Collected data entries
BEGIN

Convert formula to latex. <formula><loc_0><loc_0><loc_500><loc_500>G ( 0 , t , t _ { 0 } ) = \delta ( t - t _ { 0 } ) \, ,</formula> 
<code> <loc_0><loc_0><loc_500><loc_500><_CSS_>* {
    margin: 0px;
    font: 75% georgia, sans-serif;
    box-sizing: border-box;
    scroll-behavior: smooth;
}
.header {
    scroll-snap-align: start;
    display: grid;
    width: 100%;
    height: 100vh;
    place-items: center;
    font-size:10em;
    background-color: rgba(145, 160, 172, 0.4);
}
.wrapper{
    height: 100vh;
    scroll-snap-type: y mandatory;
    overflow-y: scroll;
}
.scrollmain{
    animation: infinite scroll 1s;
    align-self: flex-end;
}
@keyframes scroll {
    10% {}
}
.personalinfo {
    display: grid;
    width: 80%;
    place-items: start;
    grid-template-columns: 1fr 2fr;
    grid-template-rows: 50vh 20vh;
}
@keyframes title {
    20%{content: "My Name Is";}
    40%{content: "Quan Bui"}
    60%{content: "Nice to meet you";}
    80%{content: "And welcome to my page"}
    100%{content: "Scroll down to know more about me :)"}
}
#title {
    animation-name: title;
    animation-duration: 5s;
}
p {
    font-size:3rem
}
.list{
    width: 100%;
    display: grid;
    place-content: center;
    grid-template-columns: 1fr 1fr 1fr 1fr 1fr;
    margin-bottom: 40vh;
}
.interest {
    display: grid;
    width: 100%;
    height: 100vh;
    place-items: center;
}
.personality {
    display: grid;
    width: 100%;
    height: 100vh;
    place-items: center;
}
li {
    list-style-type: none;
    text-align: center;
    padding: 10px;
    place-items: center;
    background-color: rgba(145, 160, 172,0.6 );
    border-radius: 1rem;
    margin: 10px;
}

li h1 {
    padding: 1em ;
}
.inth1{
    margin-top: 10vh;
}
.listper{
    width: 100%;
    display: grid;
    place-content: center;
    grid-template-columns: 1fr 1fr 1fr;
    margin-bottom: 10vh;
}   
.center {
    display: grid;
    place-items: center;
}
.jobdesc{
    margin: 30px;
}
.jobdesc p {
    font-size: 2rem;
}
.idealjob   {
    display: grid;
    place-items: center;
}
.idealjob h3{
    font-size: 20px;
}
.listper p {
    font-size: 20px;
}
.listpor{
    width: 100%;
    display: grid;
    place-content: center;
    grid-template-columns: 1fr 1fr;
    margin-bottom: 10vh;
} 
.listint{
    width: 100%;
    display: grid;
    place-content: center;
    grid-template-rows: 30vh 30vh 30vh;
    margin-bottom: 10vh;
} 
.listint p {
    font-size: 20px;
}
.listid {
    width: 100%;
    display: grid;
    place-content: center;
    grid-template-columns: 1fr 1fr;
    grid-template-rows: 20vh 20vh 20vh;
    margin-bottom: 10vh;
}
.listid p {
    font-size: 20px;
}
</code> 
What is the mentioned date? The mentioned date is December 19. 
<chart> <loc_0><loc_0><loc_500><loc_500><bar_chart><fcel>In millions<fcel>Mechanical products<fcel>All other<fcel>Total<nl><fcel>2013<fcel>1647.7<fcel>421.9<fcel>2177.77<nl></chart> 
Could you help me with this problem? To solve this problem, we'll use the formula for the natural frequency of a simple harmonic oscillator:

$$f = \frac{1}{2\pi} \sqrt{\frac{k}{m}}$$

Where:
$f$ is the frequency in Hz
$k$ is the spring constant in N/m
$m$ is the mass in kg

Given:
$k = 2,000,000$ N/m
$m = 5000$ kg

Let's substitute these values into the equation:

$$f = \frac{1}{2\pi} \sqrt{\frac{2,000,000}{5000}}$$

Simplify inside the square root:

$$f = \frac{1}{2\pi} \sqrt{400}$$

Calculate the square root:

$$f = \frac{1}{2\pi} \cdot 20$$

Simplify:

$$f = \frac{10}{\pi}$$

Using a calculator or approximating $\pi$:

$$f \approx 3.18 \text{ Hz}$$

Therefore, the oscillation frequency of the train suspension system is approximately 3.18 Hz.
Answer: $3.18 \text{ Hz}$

END

Work to complete → Nothing but the lines from the one with "Therefore, the oscillation" through the final line of the data above should be output, exactly as written.

Output below →
Therefore, the oscillation frequency of the train suspension system is approximately 3.18 Hz.
Answer: $3.18 \text{ Hz}$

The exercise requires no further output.